[[ PROVIDED MATERIAL open ]]

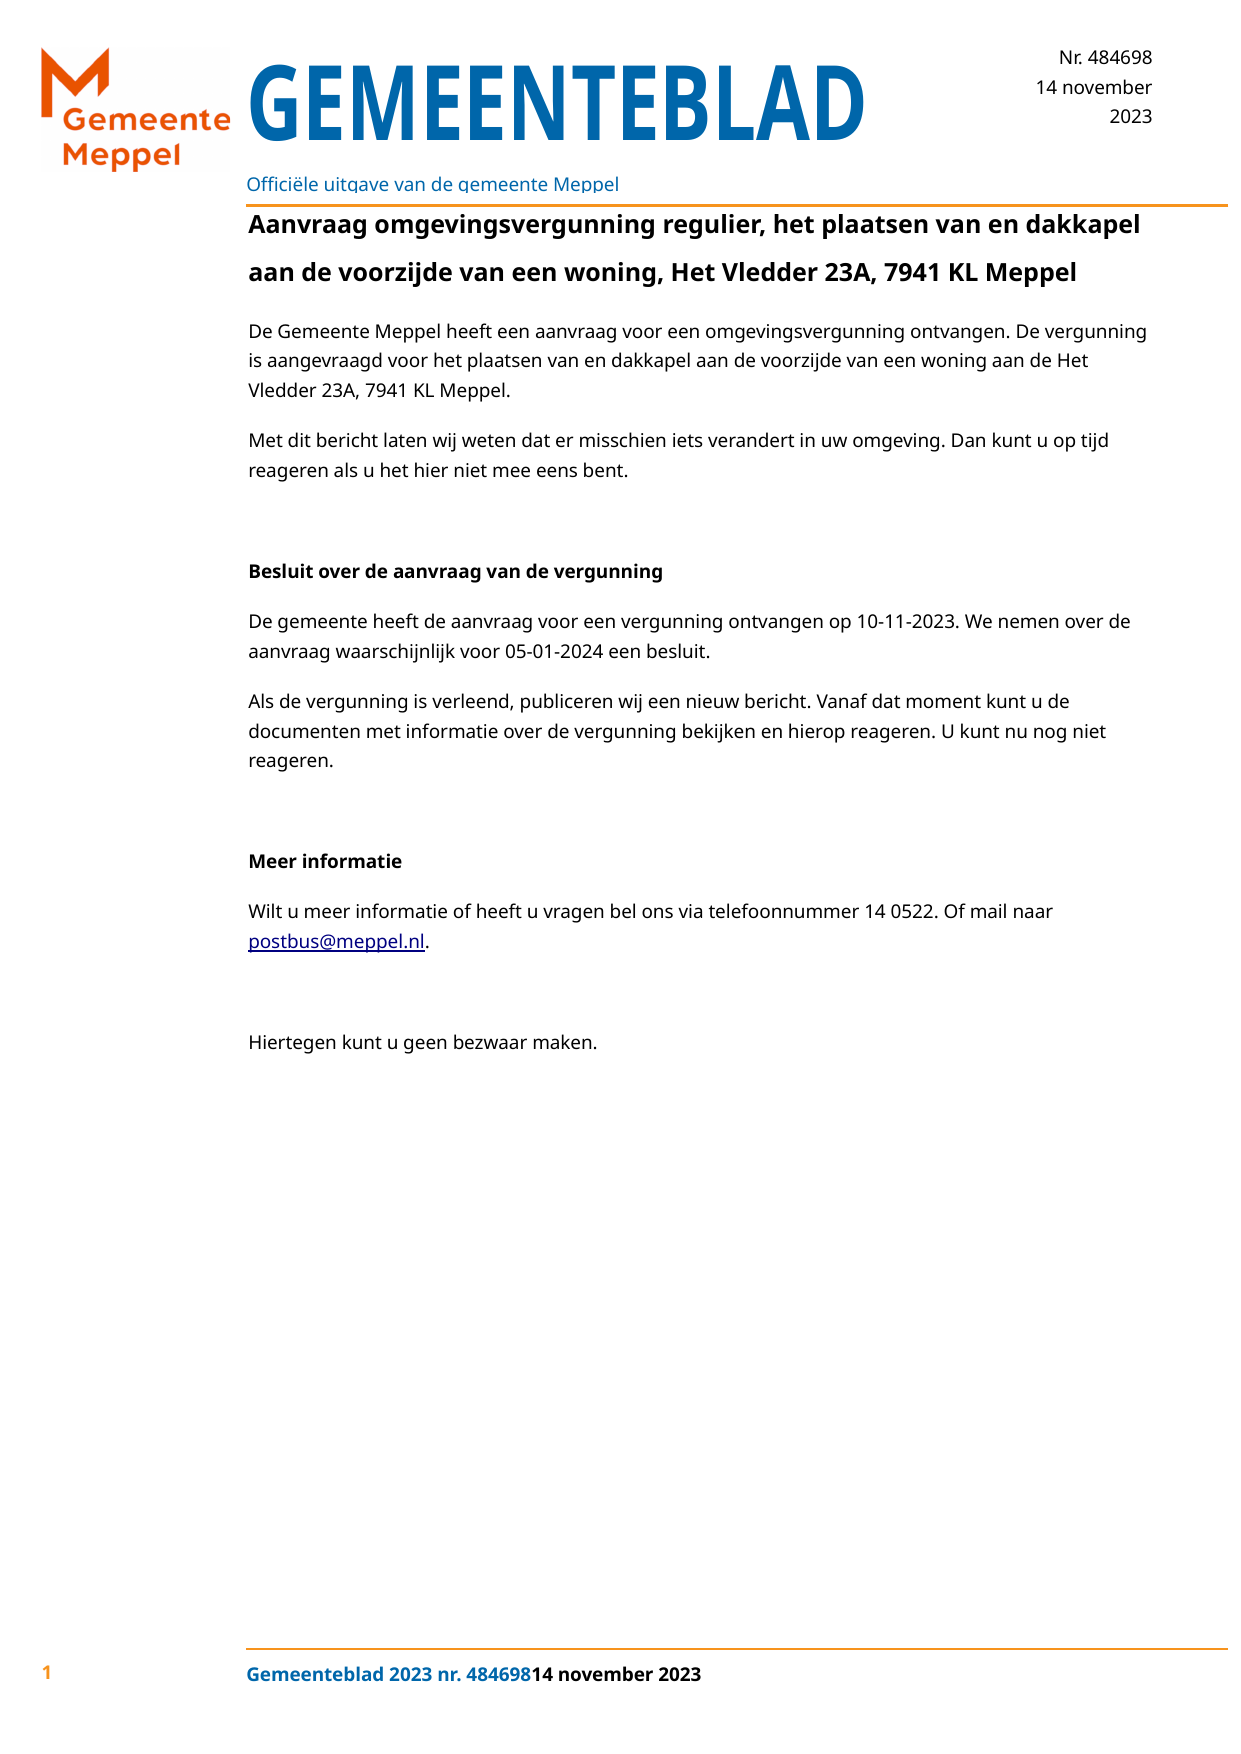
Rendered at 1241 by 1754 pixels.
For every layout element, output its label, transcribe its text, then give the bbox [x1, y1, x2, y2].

text Met dit bericht laten wij weten dat er misschien iets verandert in uw omgeving. Dan kunt u op tijd reageren als u het hier niet mee eens bent. [248, 427, 1152, 483]
text Wilt u meer informatie of heeft u vragen bel ons via telefoonnummer 14 0522. Of mail naar postbus@meppel.nl. [248, 899, 1152, 954]
text Hiertegen kunt u geen bezwaar maken. [248, 1029, 1152, 1055]
picture [41, 47, 231, 172]
text Als de vergunning is verleend, publiceren wij een nieuw bericht. Vanaf dat moment kunt u de documenten met informatie over de vergunning bekijken en hierop reageren. U kunt nu nog niet reageren. [248, 688, 1152, 773]
text Aanvraag omgevingsvergunning regulier, het plaatsen van en dakkapel aan de voorzijde van een woning, Het Vledder 23A, 7941 KL Meppel [248, 207, 1152, 288]
text Meer informatie [248, 848, 1152, 874]
text De Gemeente Meppel heeft een aanvraag voor een omgevingsvergunning ontvangen. De vergunning is aangevraagd voor het plaatsen van en dakkapel aan de voorzijde van een woning aan de Het Vledder 23A, 7941 KL Meppel. [248, 318, 1152, 403]
text De gemeente heeft de aanvraag voor een vergunning ontvangen op 10-11-2023. We nemen over de aanvraag waarschijnlijk voor 05-01-2024 een besluit. [248, 608, 1152, 664]
text Besluit over de aanvraag van de vergunning [248, 558, 1152, 584]

[[ PROVIDED MATERIAL closed ]]

_WORK REQUEST_:
The listing above must be restated word for word. Its pictures are to be left out.

_EXERCISE RESPONSE_:
Rendered at 1241 by 1754 pixels.
For every layout element, output its label, transcribe its text, then give the bbox [x1, y1, x2, y2].

text Met dit bericht laten wij weten dat er misschien iets verandert in uw omgeving. Dan kunt u op tijd reageren als u het hier niet mee eens bent. [248, 427, 1152, 483]
text Wilt u meer informatie of heeft u vragen bel ons via telefoonnummer 14 0522. Of mail naar postbus@meppel.nl. [248, 899, 1152, 954]
text Hiertegen kunt u geen bezwaar maken. [248, 1029, 1152, 1055]
picture [41, 47, 231, 172]
text Als de vergunning is verleend, publiceren wij een nieuw bericht. Vanaf dat moment kunt u de documenten met informatie over de vergunning bekijken en hierop reageren. U kunt nu nog niet reageren. [248, 688, 1152, 773]
text Aanvraag omgevingsvergunning regulier, het plaatsen van en dakkapel aan de voorzijde van een woning, Het Vledder 23A, 7941 KL Meppel [248, 207, 1152, 288]
text Meer informatie [248, 848, 1152, 874]
text De Gemeente Meppel heeft een aanvraag voor een omgevingsvergunning ontvangen. De vergunning is aangevraagd voor het plaatsen van en dakkapel aan de voorzijde van een woning aan de Het Vledder 23A, 7941 KL Meppel. [248, 318, 1152, 403]
text De gemeente heeft de aanvraag voor een vergunning ontvangen op 10-11-2023. We nemen over de aanvraag waarschijnlijk voor 05-01-2024 een besluit. [248, 608, 1152, 664]
text Besluit over de aanvraag van de vergunning [248, 558, 1152, 584]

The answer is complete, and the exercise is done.